:: Brief ::
In your copy, reproduce the entries exactly as they are, minus the images.

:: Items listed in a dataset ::
※ ※ ※

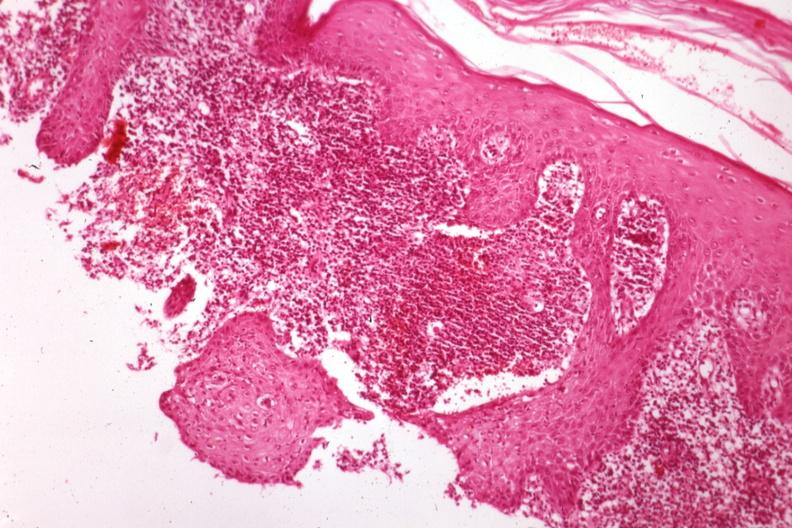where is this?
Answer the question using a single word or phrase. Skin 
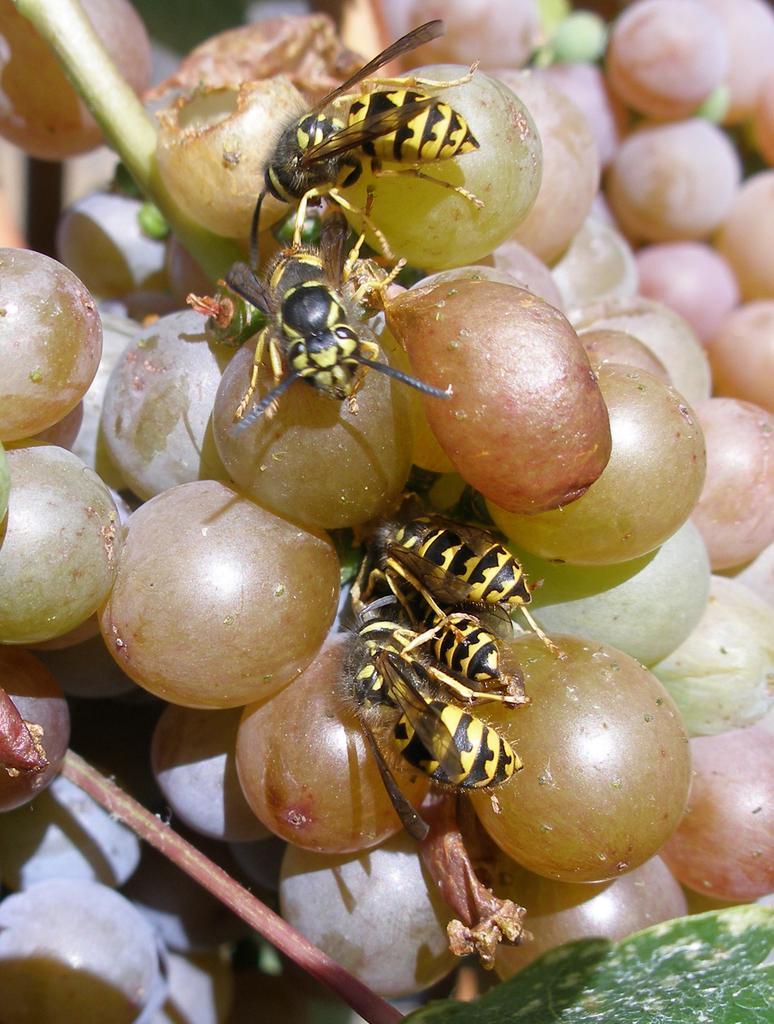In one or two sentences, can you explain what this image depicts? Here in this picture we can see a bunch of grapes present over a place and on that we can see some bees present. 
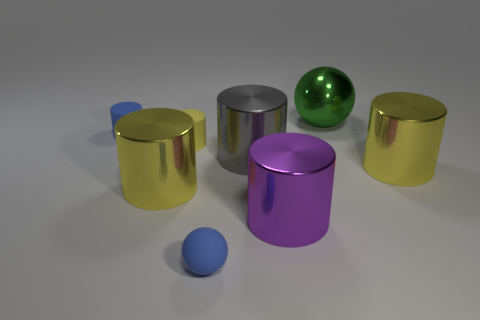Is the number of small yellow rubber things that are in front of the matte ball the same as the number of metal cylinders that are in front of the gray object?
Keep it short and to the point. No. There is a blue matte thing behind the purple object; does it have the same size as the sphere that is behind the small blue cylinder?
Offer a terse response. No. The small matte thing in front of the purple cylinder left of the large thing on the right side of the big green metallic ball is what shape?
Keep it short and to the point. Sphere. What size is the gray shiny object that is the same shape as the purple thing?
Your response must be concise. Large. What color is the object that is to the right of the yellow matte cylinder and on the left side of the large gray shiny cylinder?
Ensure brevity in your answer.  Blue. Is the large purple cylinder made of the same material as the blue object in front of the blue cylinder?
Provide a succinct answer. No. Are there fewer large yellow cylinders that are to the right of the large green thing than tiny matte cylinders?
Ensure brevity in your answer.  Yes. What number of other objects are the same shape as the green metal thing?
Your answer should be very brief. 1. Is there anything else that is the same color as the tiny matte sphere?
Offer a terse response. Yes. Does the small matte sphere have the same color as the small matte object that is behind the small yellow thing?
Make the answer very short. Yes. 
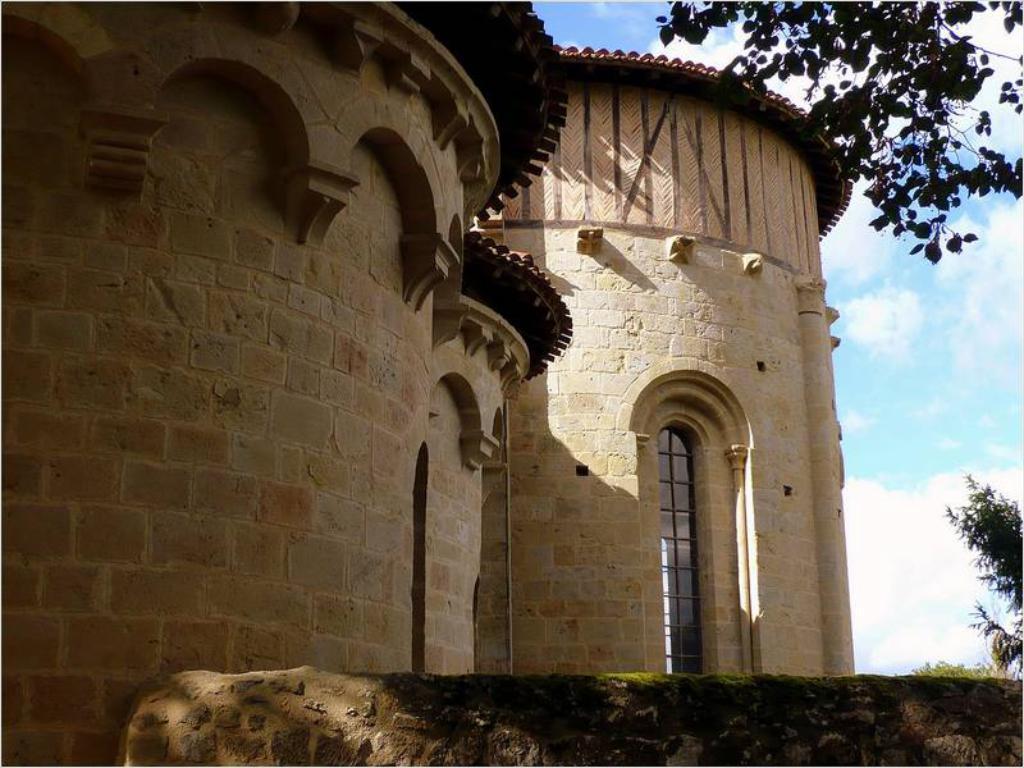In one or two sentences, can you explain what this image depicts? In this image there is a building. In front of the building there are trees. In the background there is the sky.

※ ※ ※

:: Output below ::
where is this?
Answer the question using a single word or phrase. Skin 
In one or two sentences, can you explain what this image depicts? Here in this picture we can see a bunch of grapes present over a place and on that we can see some bees present. 
Is the number of small yellow rubber things that are in front of the matte ball the same as the number of metal cylinders that are in front of the gray object?
Keep it short and to the point. No. There is a blue matte thing behind the purple object; does it have the same size as the sphere that is behind the small blue cylinder?
Offer a terse response. No. The small matte thing in front of the purple cylinder left of the large thing on the right side of the big green metallic ball is what shape?
Keep it short and to the point. Sphere. What size is the gray shiny object that is the same shape as the purple thing?
Your response must be concise. Large. What color is the object that is to the right of the yellow matte cylinder and on the left side of the large gray shiny cylinder?
Ensure brevity in your answer.  Blue. Is the large purple cylinder made of the same material as the blue object in front of the blue cylinder?
Provide a succinct answer. No. Are there fewer large yellow cylinders that are to the right of the large green thing than tiny matte cylinders?
Ensure brevity in your answer.  Yes. What number of other objects are the same shape as the green metal thing?
Your answer should be very brief. 1. Is there anything else that is the same color as the tiny matte sphere?
Offer a terse response. Yes. Does the small matte sphere have the same color as the small matte object that is behind the small yellow thing?
Make the answer very short. Yes. 
In one or two sentences, can you explain what this image depicts? In this image there is a building. In front of the building there are trees. In the background there is the sky.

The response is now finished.